此刻的易昊,騎著格雷已到了封印之門前,隨著空間漣漪擴散,一隻只悍勇的惡魔也縱躍而出。
「哈哈哈哈,飢渴了千年的孩子們,用敵人的血肉,填飽你們殺戮之心。」
道葛拉斯虛影仰天大笑,二女卻不言不語躍下馬背,與十幾只惡魔戰作一團。風晴雪長刀如虹,詩雨竹鐵拳如風,易昊卡牌伺機而動,很輕鬆就擊殺了第一波。
格雷依舊保持馬型,兩個前蹄踩斷一隻惡魔胸腔,並低頭噬咬著惡魔血肉。易昊卻坐在格雷背上,抬頭盯著道葛拉斯虛影,悠然道:
「在你算計白雪那一刻起,就註定了你的死亡。也許再封印千年,或許這次你不招惹我,你應該有機會突破封印。雖然不能留在現世,但去裡世界逍遙肯定沒問題。
只是你太貪心了,妄圖侵佔我的孩子,降生到這個世界。妄圖獻祭白雪,獲得你失去的力量,你觸碰了我的逆鱗,所以你必須要死。」
易昊就像聊家常般,與道葛拉斯聊著他的憤怒,以及他要擊殺道葛拉斯的決心。
道葛拉斯先是一滯,隨後便羞惱大吼道:「卑微的爬蟲,你跟本不知道,你面對的是什麼!」
道葛拉斯只能用羞怒掩飾不安,剛才有那麼一瞬,他竟然感到了一絲心悸。他竟然被一隻爬蟲嚇到了,這讓他如何能不憤怒。
「能是什麼,無外乎使徒還能更強,或者說他變成你的分身。這次任務中,只要魔王不出手,熒就是近乎無敵的存在,就算你的分身也是被虐的份!」
隨著易昊聲音落下,第二波惡魔如潮水般湧來,這次多達近三十隻。
雖然數量暴增,但接近十天的特訓,再加上二女的暴力輸出,以及易昊的完美控場能力,他們擊殺起來依舊很輕鬆。
易昊甚至還有時間點根菸,望著半空中的白雪愣會兒神,再去關注周圍戰場,以及熒和使徒的對戰。
此刻,白雪已和封印之門連為一體,白雪在腐蝕封印之門,而門也在對抗白雪。要麼摧毀門,要麼擊殺白雪,沒有第二條路可選。
易昊不敢輕舉妄動,只能暫時僵持著,由熒那邊分出勝負,再想辦法解決當前問題。白雪就在眼前,易昊的心也如止水般平靜。
至少一切都沒超出預計,韓風的表現讓易昊也很安心,只要熒那邊分出勝負,那白雪就一定會生命無憂。
相比於易昊的平靜,熒幾乎要七竅生煙了,她從未這麼鄙視一個男人。使徒的汙言穢語雖十分低階,但卻成功挑起了她的怒火。
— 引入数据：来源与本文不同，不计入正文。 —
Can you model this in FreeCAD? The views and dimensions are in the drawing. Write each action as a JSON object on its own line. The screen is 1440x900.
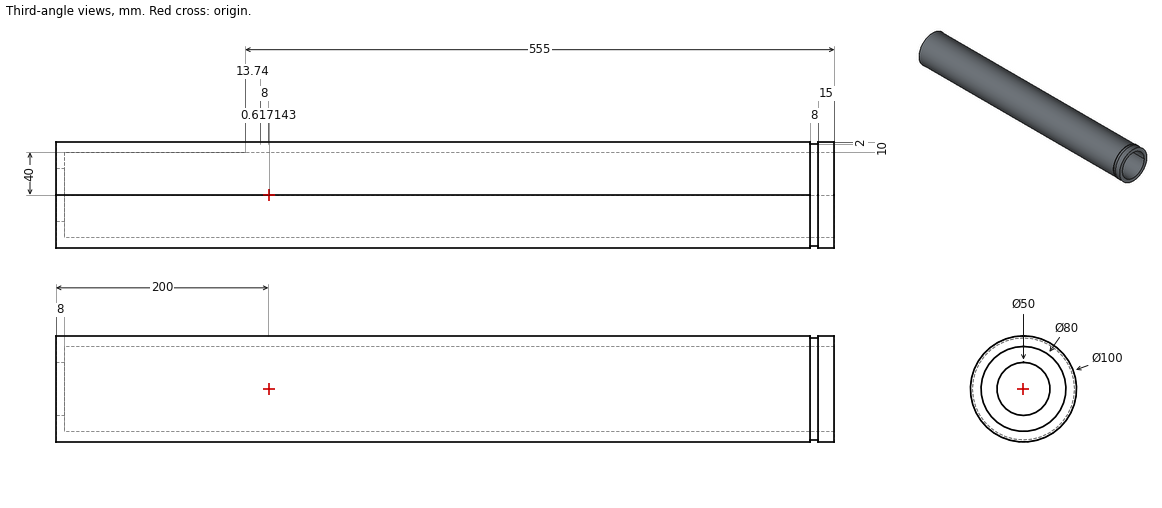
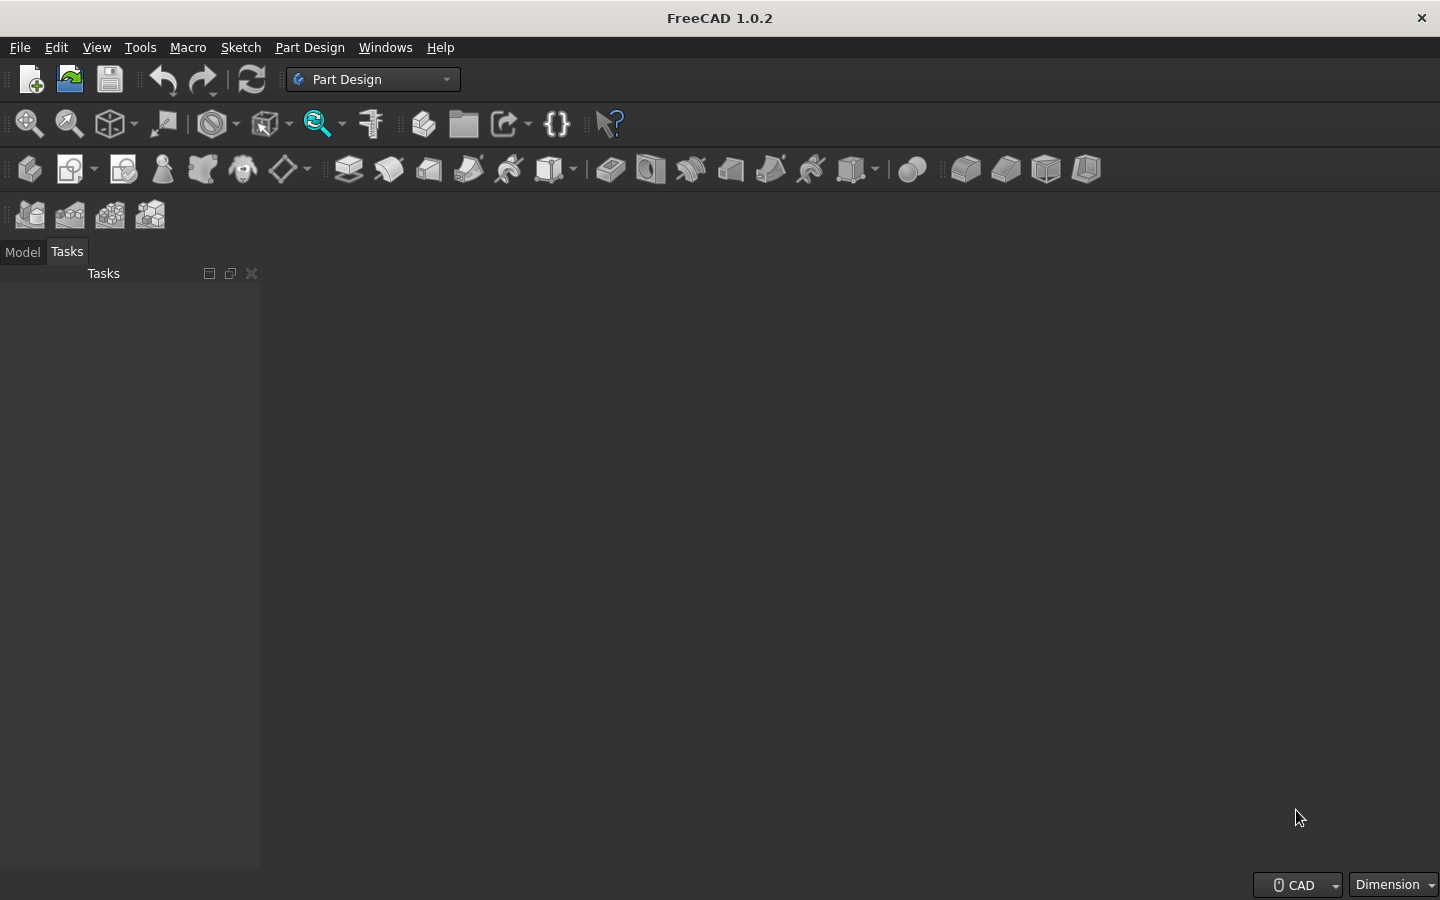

「嘿嘿,寶貝,憤怒吧,我最喜歡烈馬,更喜歡馴服烈馬。」
使徒高亢的大吼,汙言穢語的同時,無數類似魔法的攻擊,不斷傾瀉向躲閃熒。好像他的體力無窮盡,火球、風刃、鋪天蓋地席捲。
熒左躲右閃,不斷在大廈間縱躍,尋找接近使徒的機會。剎那間,熒抓住攻擊破綻,全身火焰爆燃,覆蓋方圓十幾米遮擋視線。